Start of Block
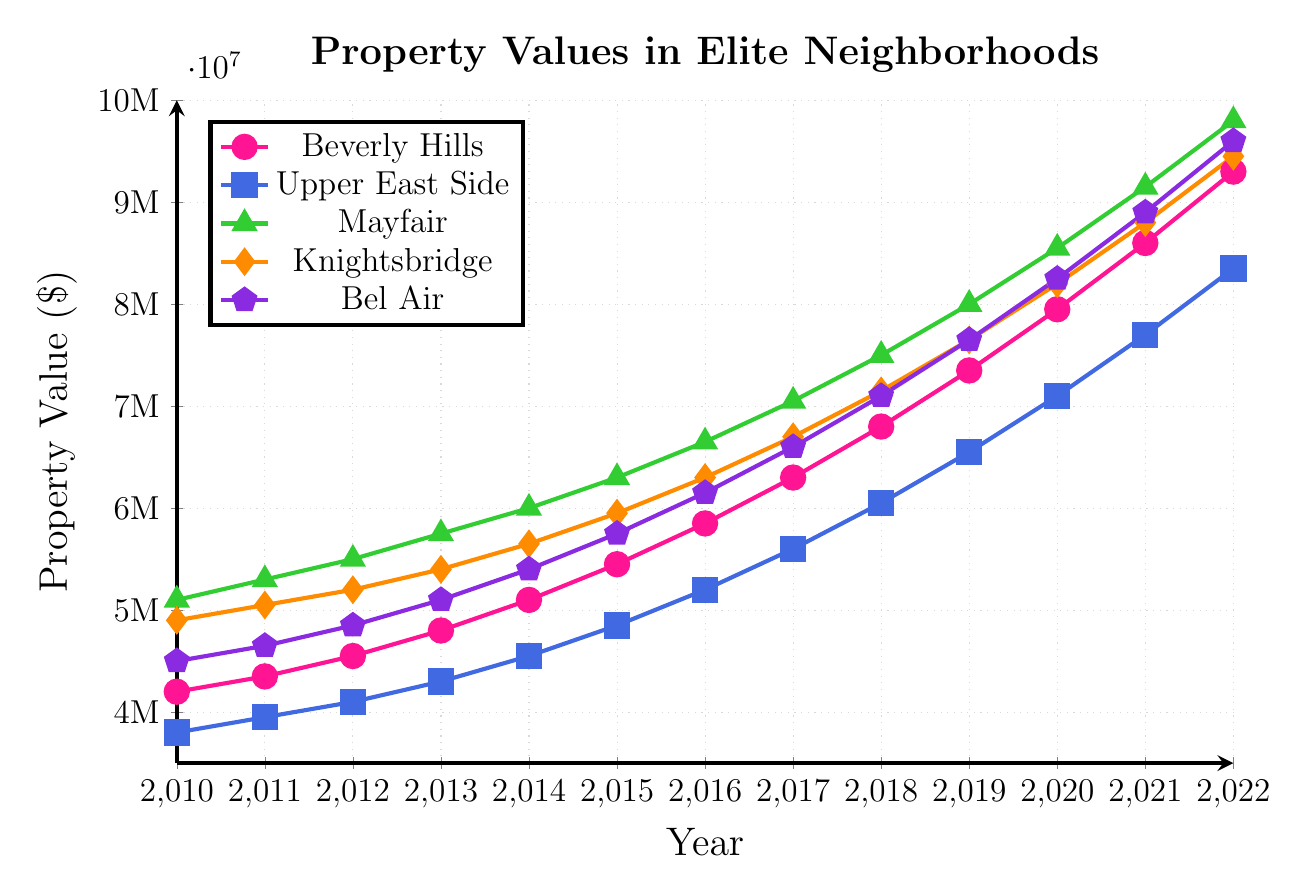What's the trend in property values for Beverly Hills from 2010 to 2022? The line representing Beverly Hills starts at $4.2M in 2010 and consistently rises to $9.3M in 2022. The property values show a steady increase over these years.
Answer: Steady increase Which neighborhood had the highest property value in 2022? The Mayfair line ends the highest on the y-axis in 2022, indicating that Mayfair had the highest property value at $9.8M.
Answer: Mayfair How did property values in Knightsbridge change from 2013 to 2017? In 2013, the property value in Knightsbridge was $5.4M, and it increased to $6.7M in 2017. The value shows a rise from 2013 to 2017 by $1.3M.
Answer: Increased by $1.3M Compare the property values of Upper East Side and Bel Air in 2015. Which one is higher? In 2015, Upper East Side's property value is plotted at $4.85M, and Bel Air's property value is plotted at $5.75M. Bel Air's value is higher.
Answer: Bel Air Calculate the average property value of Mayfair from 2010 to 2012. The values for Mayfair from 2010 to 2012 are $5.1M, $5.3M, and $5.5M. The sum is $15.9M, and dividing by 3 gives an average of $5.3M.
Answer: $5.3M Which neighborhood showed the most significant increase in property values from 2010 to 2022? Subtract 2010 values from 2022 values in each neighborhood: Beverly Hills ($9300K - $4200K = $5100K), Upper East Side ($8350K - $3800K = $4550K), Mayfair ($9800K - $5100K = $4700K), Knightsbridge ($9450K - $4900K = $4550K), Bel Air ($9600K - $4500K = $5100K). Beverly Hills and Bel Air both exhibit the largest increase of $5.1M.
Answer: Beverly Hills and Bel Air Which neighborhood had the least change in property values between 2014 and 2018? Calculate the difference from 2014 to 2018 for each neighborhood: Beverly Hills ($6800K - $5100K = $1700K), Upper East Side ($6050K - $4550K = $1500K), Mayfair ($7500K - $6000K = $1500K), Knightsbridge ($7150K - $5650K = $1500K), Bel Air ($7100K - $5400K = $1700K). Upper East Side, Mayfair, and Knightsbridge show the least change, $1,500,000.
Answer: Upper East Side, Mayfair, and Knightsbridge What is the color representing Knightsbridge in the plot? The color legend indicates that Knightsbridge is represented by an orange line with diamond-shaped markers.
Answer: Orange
End of Block
Your task is to copy each line of the listing that holds the word "change".

Answer: Mayfair How did property values in Knightsbridge change from 2013 to 2017? In 2013, the property value in Knightsbridge was $5.4M, and it increased to $6.7M in 2017. The value shows a rise from 2013 to 2017 by $1.3M.
Answer: Beverly Hills and Bel Air Which neighborhood had the least change in property values between 2014 and 2018? Calculate the difference from 2014 to 2018 for each neighborhood: Beverly Hills ($6800K - $5100K = $1700K), Upper East Side ($6050K - $4550K = $1500K), Mayfair ($7500K - $6000K = $1500K), Knightsbridge ($7150K - $5650K = $1500K), Bel Air ($7100K - $5400K = $1700K). Upper East Side, Mayfair, and Knightsbridge show the least change, $1,500,000.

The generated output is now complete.